(Recorded information):

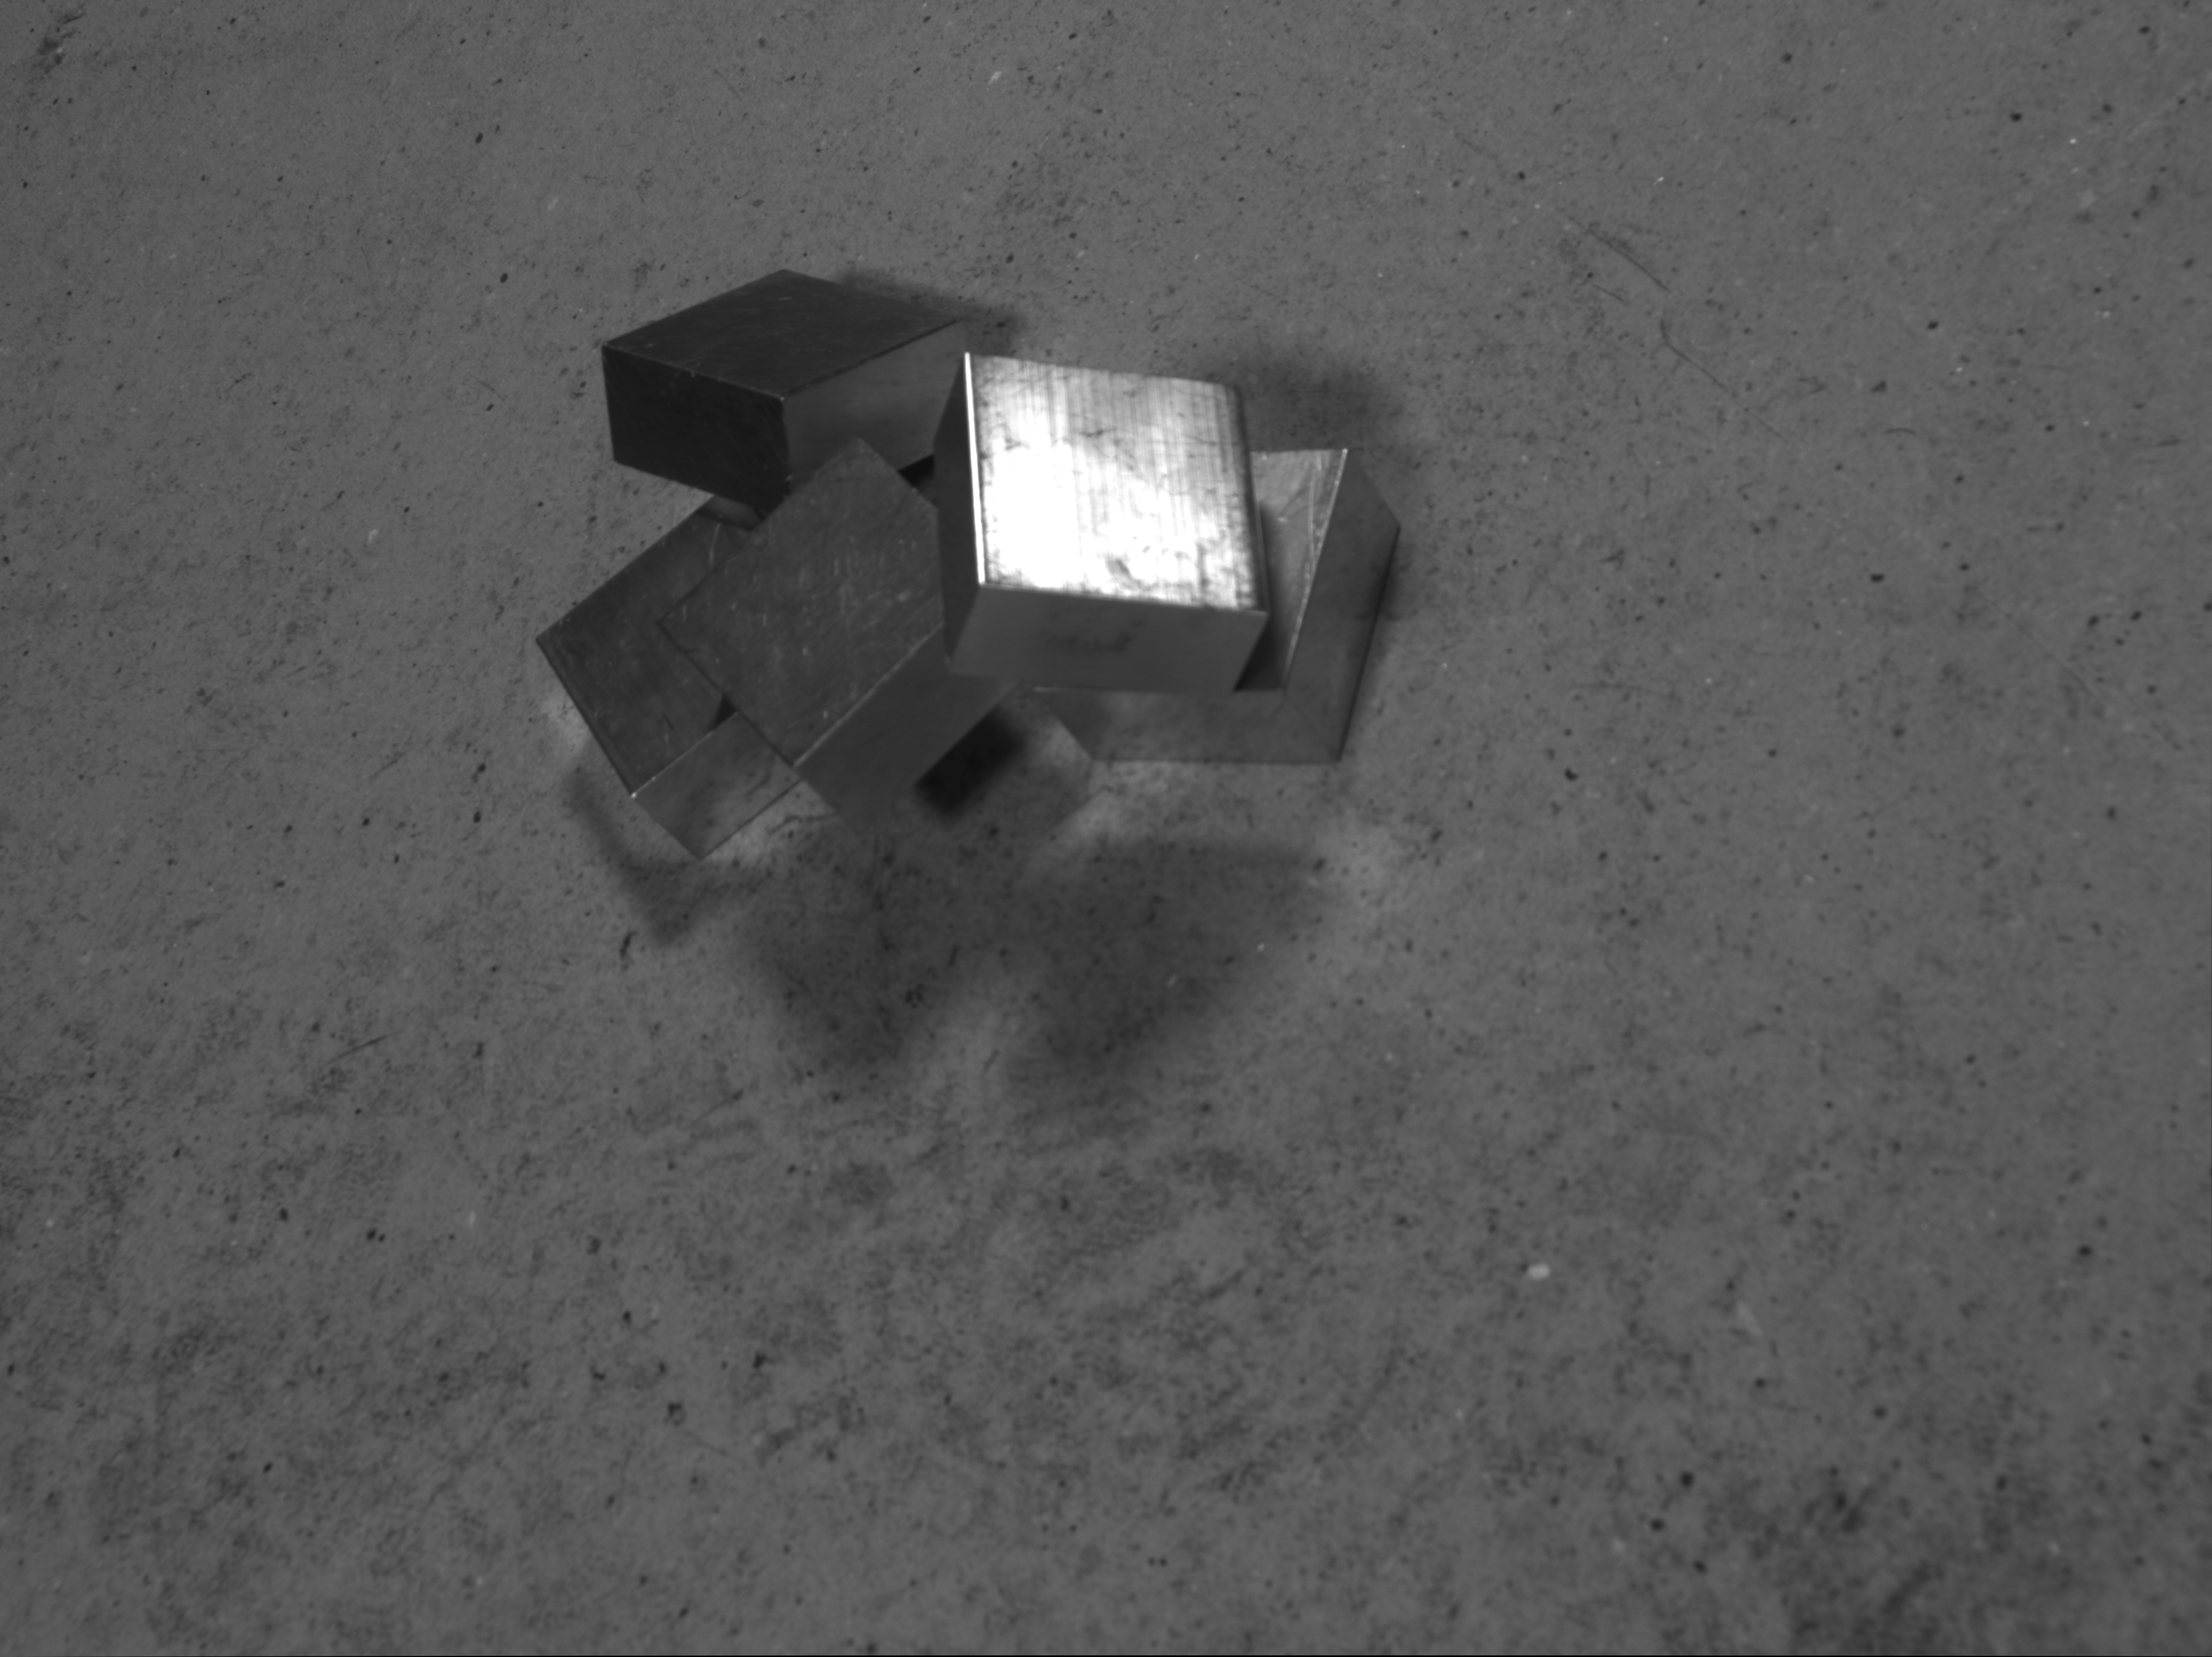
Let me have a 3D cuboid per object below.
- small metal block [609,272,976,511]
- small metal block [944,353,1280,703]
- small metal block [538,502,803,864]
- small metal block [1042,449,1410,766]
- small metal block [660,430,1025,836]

(Task prompt):
With the pictures set aside, copy each line above as written.

(Task answer):
Let me have a 3D cuboid per object below.
- small metal block [609,272,976,511]
- small metal block [944,353,1280,703]
- small metal block [538,502,803,864]
- small metal block [1042,449,1410,766]
- small metal block [660,430,1025,836]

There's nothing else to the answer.